From the first line of the listing below, retype each line up to and including the one with "rotation = -10, 29, -1"; pictures stay out.
※ ※ ※
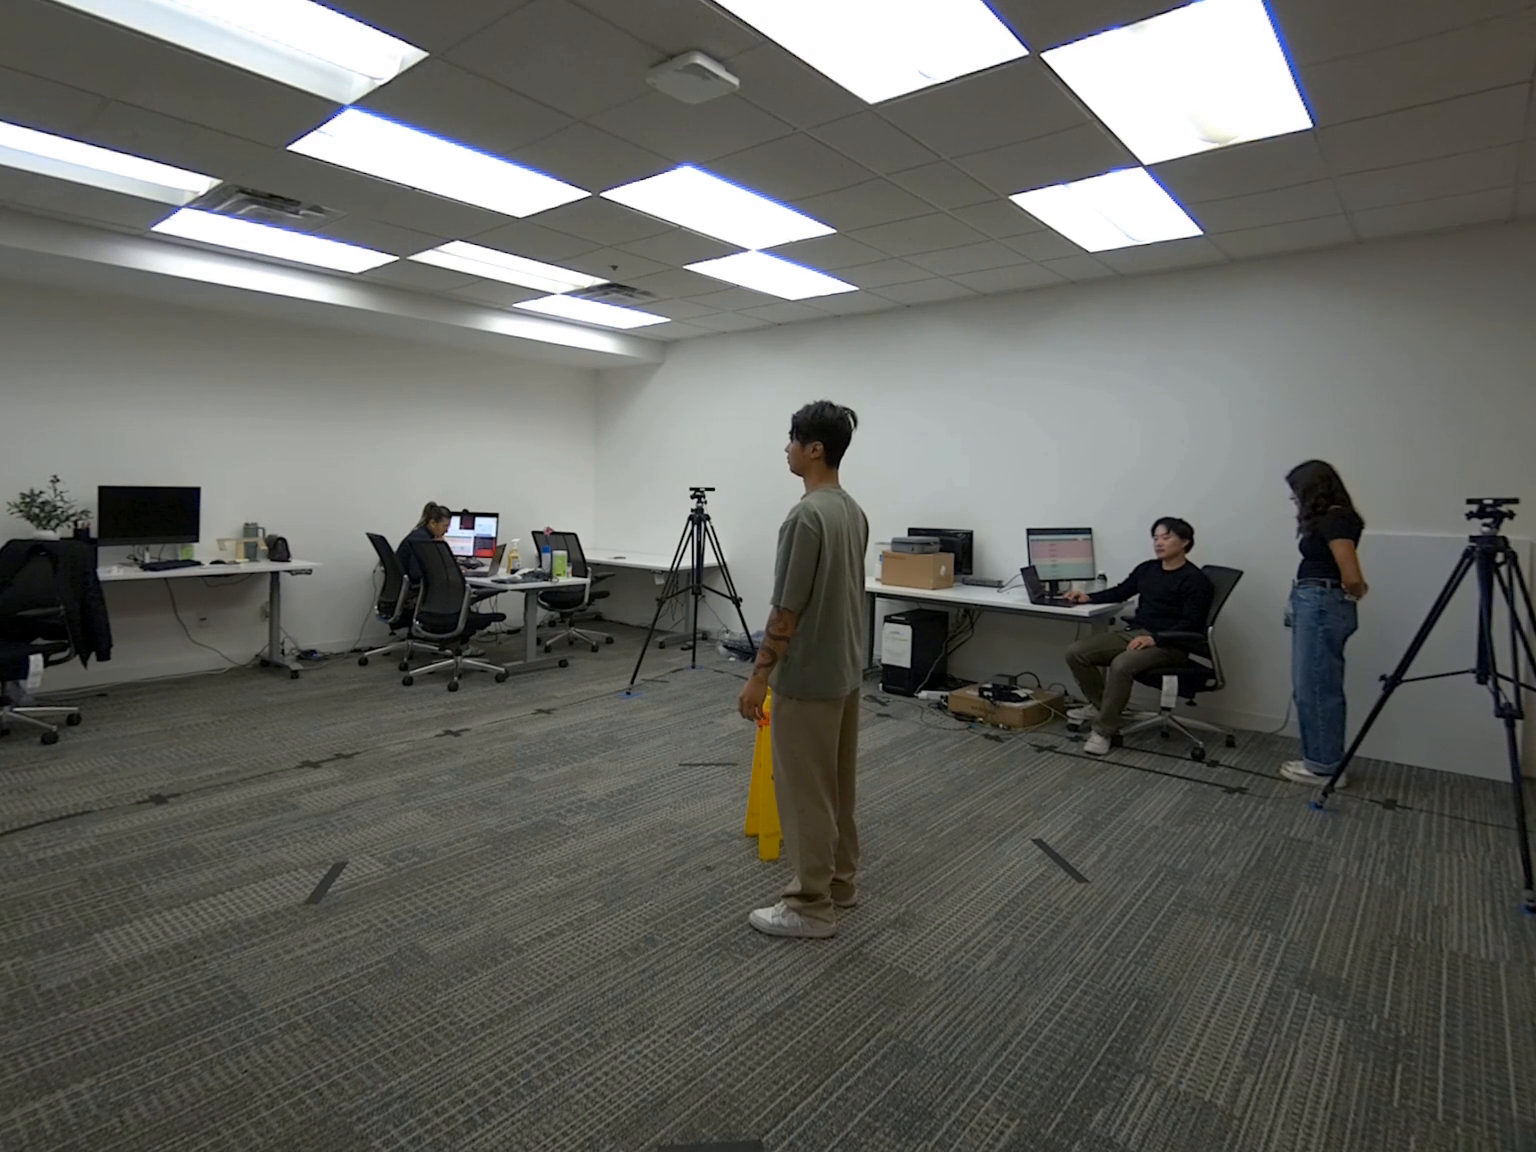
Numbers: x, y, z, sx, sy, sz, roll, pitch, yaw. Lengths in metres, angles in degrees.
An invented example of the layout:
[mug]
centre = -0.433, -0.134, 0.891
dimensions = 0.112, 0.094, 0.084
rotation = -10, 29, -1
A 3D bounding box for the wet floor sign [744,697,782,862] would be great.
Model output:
[wet floor sign]
centre = 0.078, 0.725, 3.317
dimensions = 0.278, 0.645, 0.294
rotation = 3, 1, -13
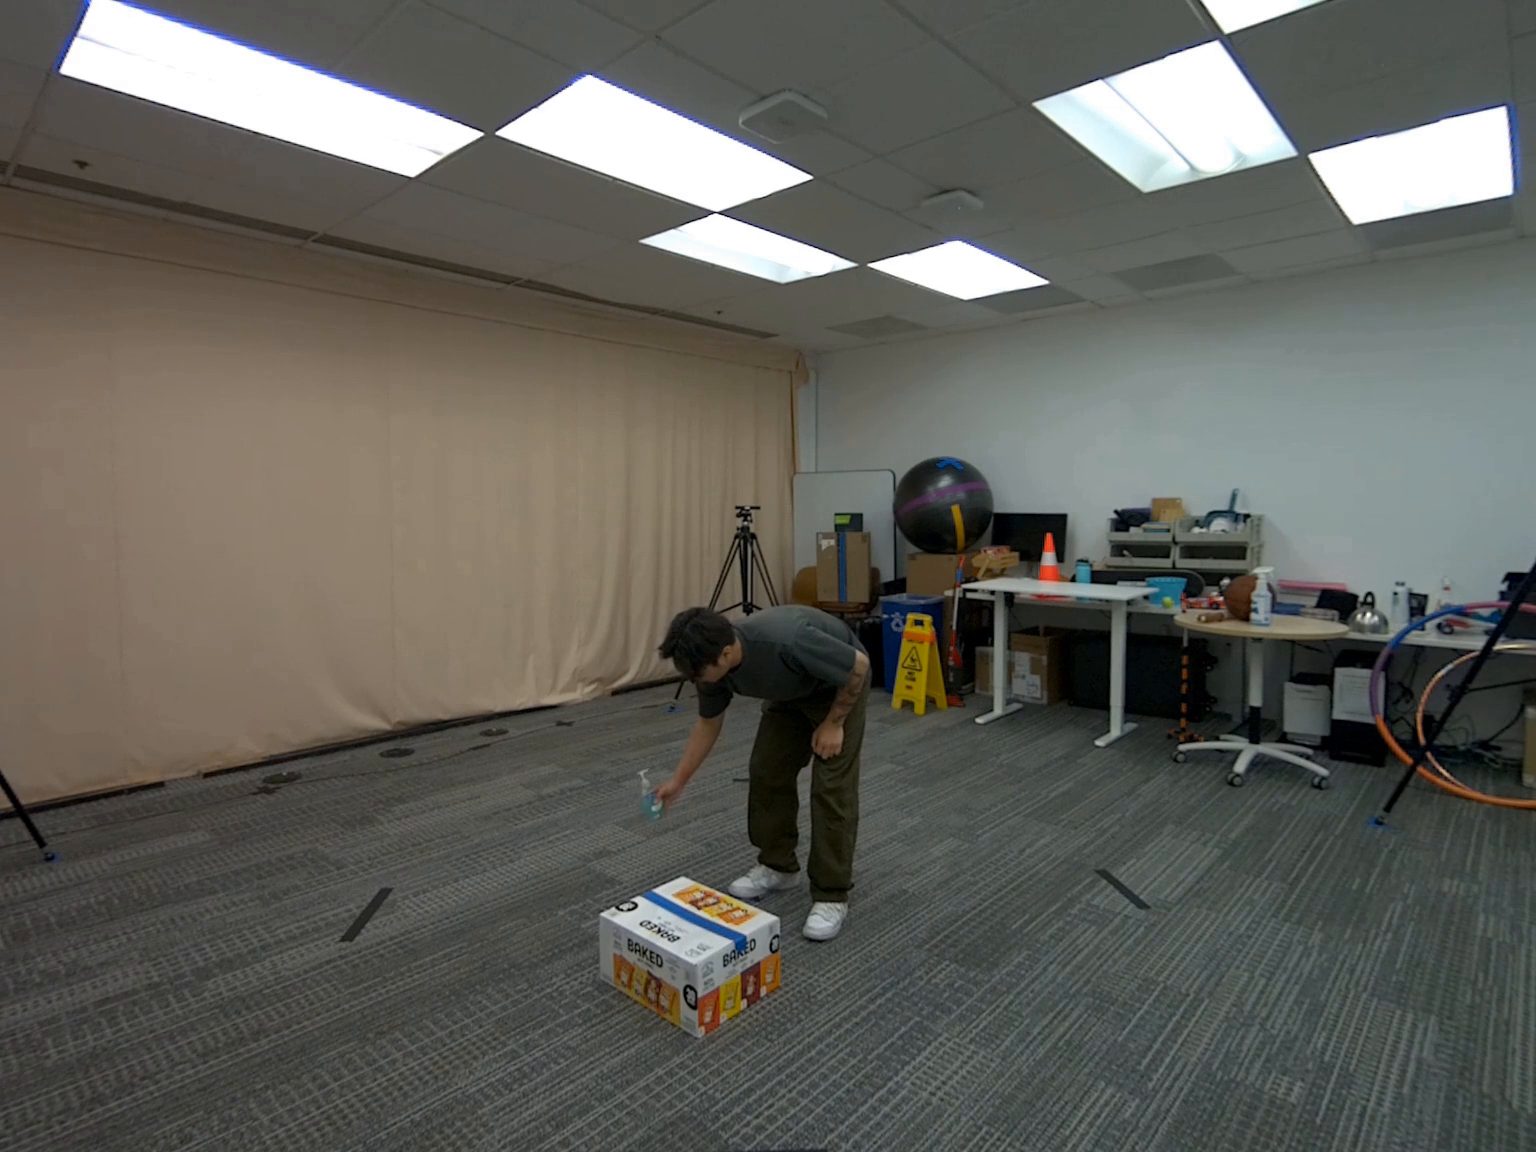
※ ※ ※
▸ RESULT OF THE TASK:
Numbers: x, y, z, sx, sy, sz, roll, pitch, yaw. Lengths in metres, angles in degrees.
An invented example of the layout:
[mug]
centre = -0.433, -0.134, 0.891
dimensions = 0.112, 0.094, 0.084
rotation = -10, 29, -1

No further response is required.